I shall end by saying that I think the Minister may be moving and showing us the tip of the iceberg. He may be moving towards new structures nationwide. It will be impossible, if he is so moving, to say that idea started on day X with person Y. It started in lots of places; those sort of ideas have been moving about; they are being discussed. If he is the person to bring them to fruition and to produce SFADCo-like structures widely in the country wherever the ideas came from originally he will be the person in whose time and under whose impetus they came to fruition. I may have critical things to say about the details of implementation. I hope the Minister will amplify the small reference in the course of his speech I have quoted. That sort of development is necessary and, if he is embarking on it, is one that is welcome and in prospect of which, certainly on the basis of political disagreement I will not find possible to oppose.

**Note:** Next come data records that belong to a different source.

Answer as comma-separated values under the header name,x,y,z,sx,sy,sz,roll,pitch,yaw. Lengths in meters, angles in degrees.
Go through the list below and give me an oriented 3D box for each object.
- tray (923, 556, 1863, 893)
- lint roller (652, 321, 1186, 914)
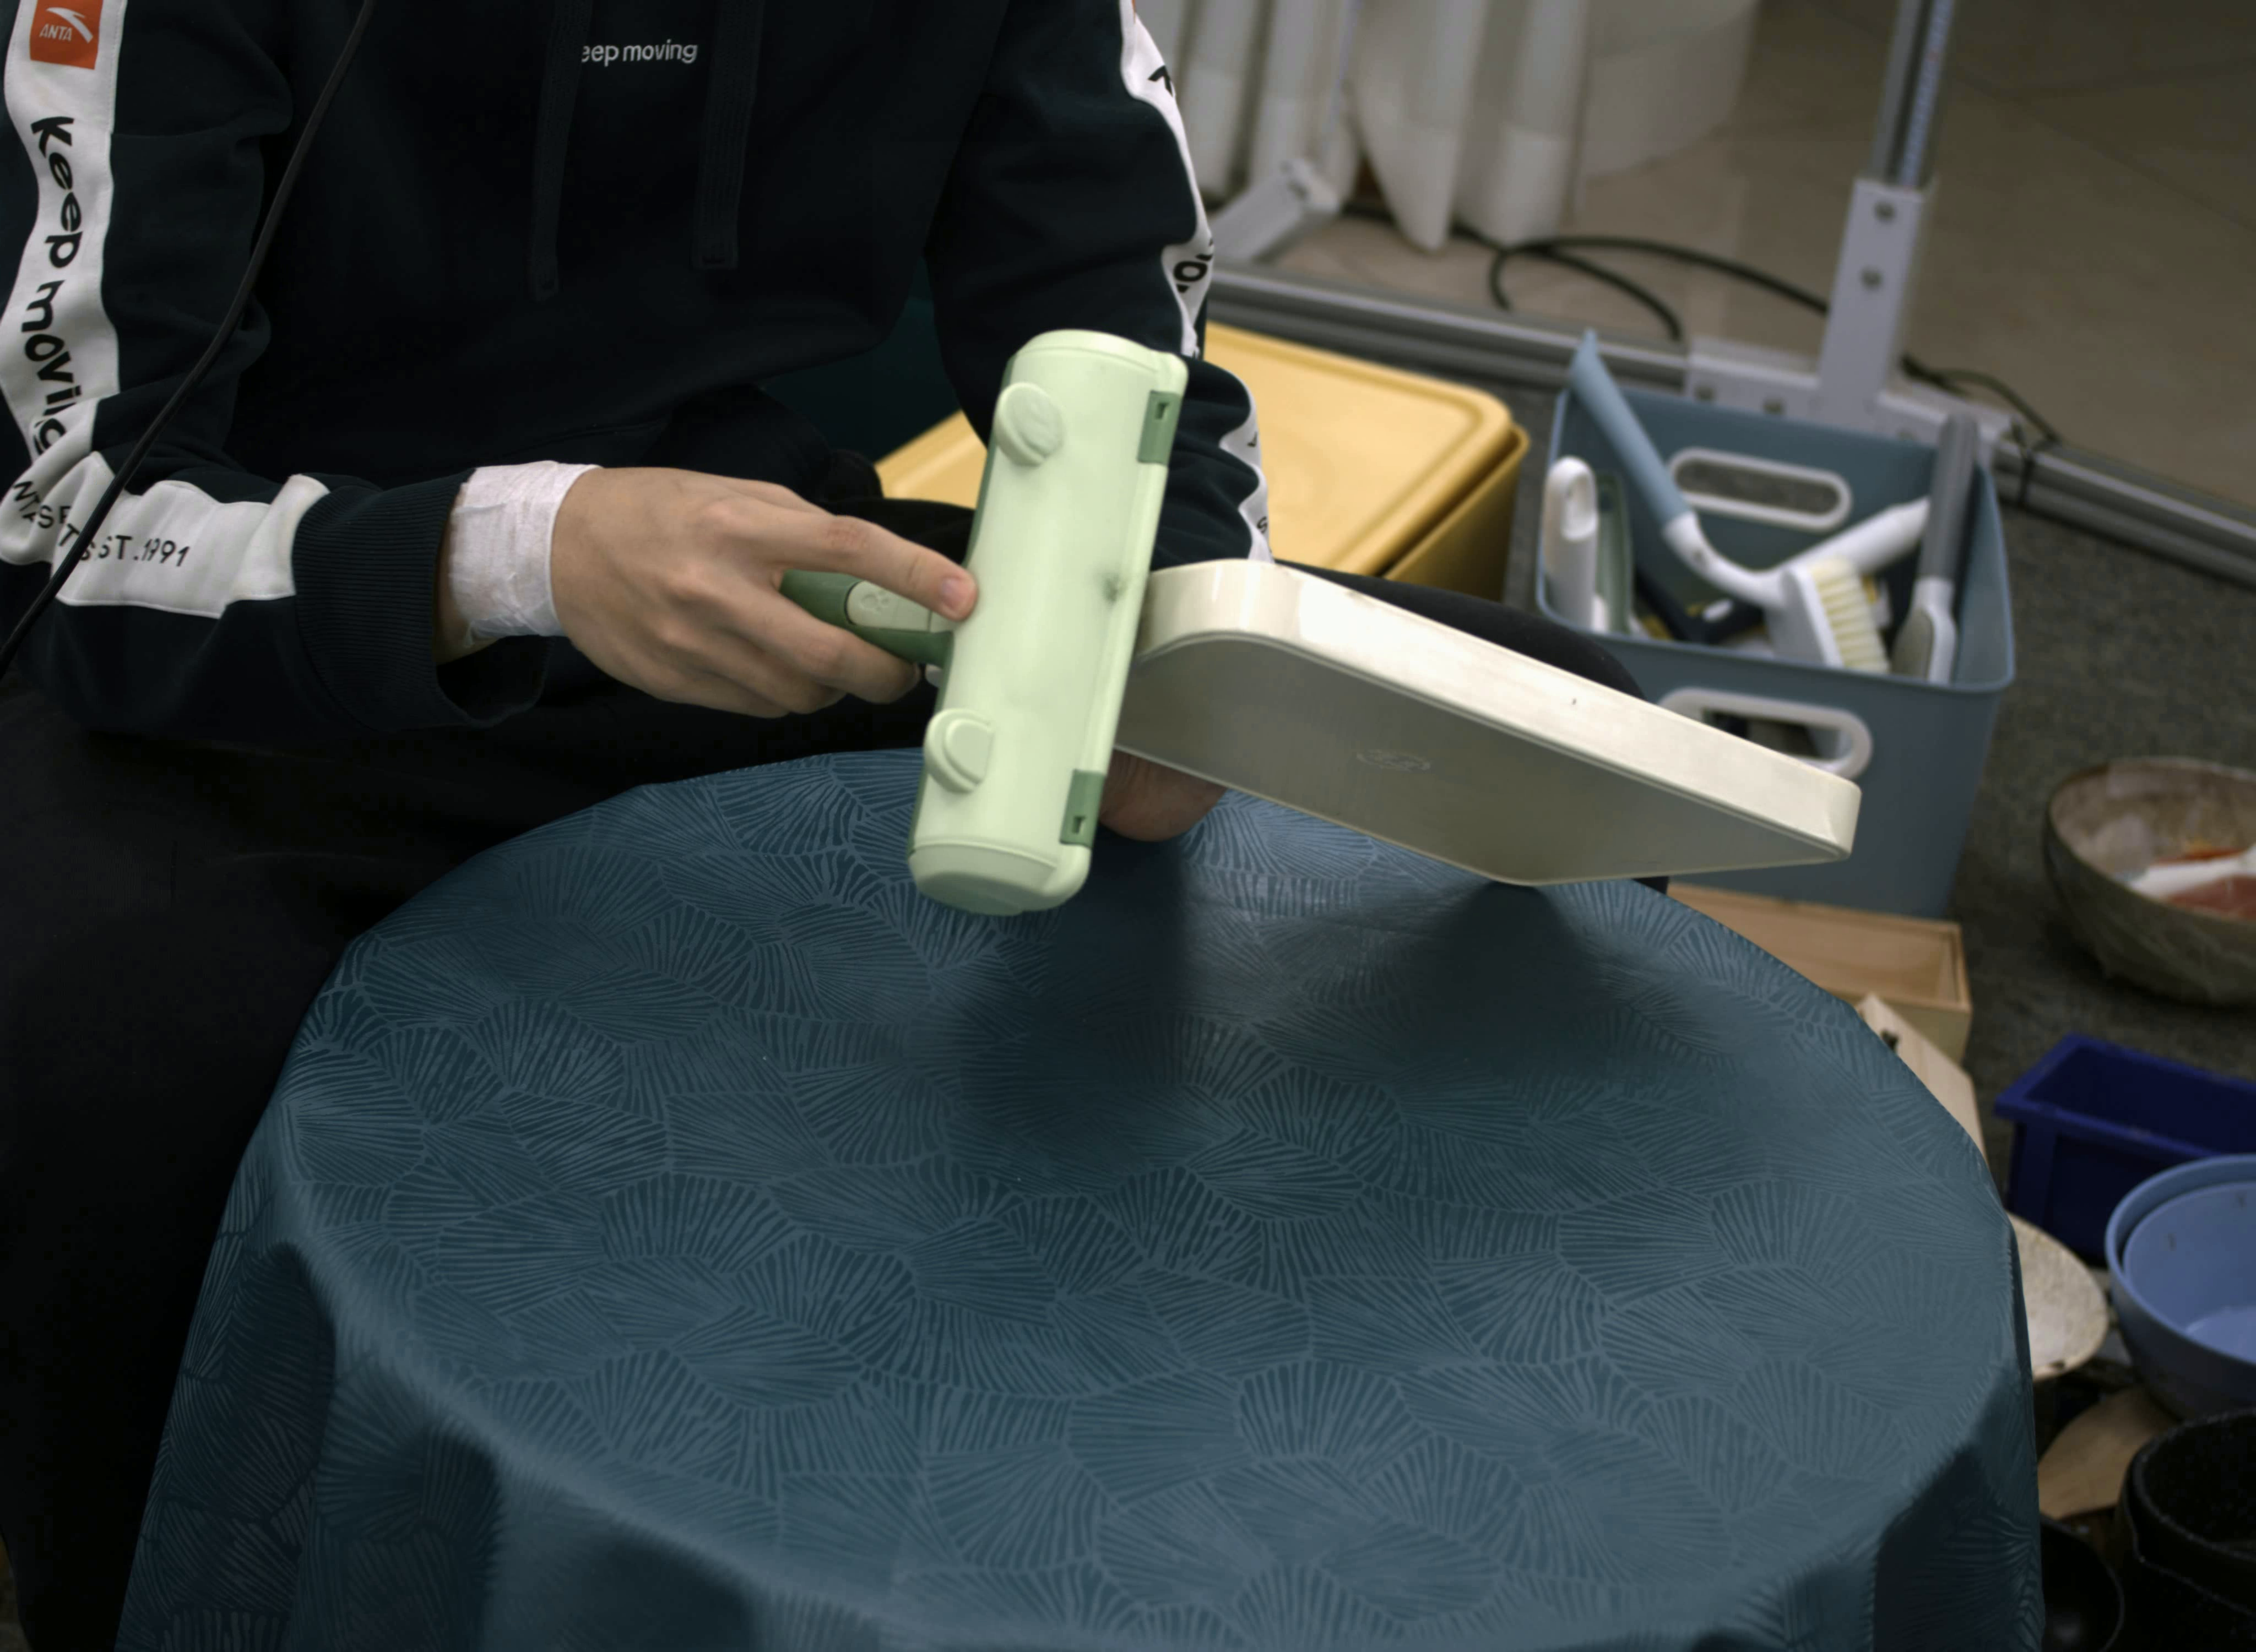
name,x,y,z,sx,sy,sz,roll,pitch,yaw
tray,0.095,-0.030,1.881,0.297,0.027,0.192,19,-16,-35
lint roller,-0.083,-0.077,1.769,0.183,0.199,0.081,6,-18,18

Fáiltimse roimh an mBille seo leis. Even though I am many miles away from the centre of SFADCo operations I am very proud of their existence. I am very proud also of and heartily salute the wonderful work they have done since their initiation. Their story has been one of continuous success. I wish them every success in the future now that they are in the happy position of having further capital with which to work. For me the most important statement in the Minister's address is:

...SFADCo are to concentrate on the development of small industry in the mid-west region in an intensive way not previously attempted in this country. This is a pilot scheme, the results of which will be evaluated at the end of 18 months or two years when decisions will be taken about extending the scheme to the rest of the country.

I have always been a believer in small industry. While it is true we all like to hear of a factory being built somewhere giving employment to perhaps anything from 200 to 500 people, unfortunately, the bigger it is the bigger the disaster if, for some reason or other, it fails. Everybody, no matter where he lives, felt very upset, disappointed and disillusioned when Ferenka failed. I have always thought it would be much better and safer to have, shall we say, ten factories, each employing 50, rather than one employing 500. It suits us to have factories that are reasonably small; it suits us being the kind of people we are. There is also less danger of disaster. This idea of getting SFADCo with their wisdom and knowledge to operate small industries is excellent and the Minister is to be highly complimented on it.

Since SFADCo will be operating small industries, it means that there will be a number of small industries scattered around the area. I am sure they will bear it in mind that, if they want to establish 15 or 20 small industries producing assorted types of manufactured goods in the foreseeable future, there must be without doubt an ideal place for each one of these factories. They should try to avoid having a factory, no matter how small, in a place that is environmentally unsuited to it, and they should take into consideration problems of pollution which seem to cause so much trouble at the moment. I am sure they will keep these points in view. I wish SFADCo every success in their new type of enterprise and in their new direction.

I would like to give a limited welcome to the Bill on the grounds that some of it can only be judged in terms of performance. The notion of SFADCo taking up the running for small industries in the north Tipperary-Limerick-Clare region has proved most controversial here today. That notion has already been covered from this side of the House by Senator Molony in a very eloquent and well argued speech and by Senator Keating. The Minister claimed that performance on this will be evaluated within 18 months. That suggests a certain urgency and determination on the part of the Minister and his Department. It will be very interesting to see what kind of results can be achieved in that time. The development of SFADCo has been enormously successful.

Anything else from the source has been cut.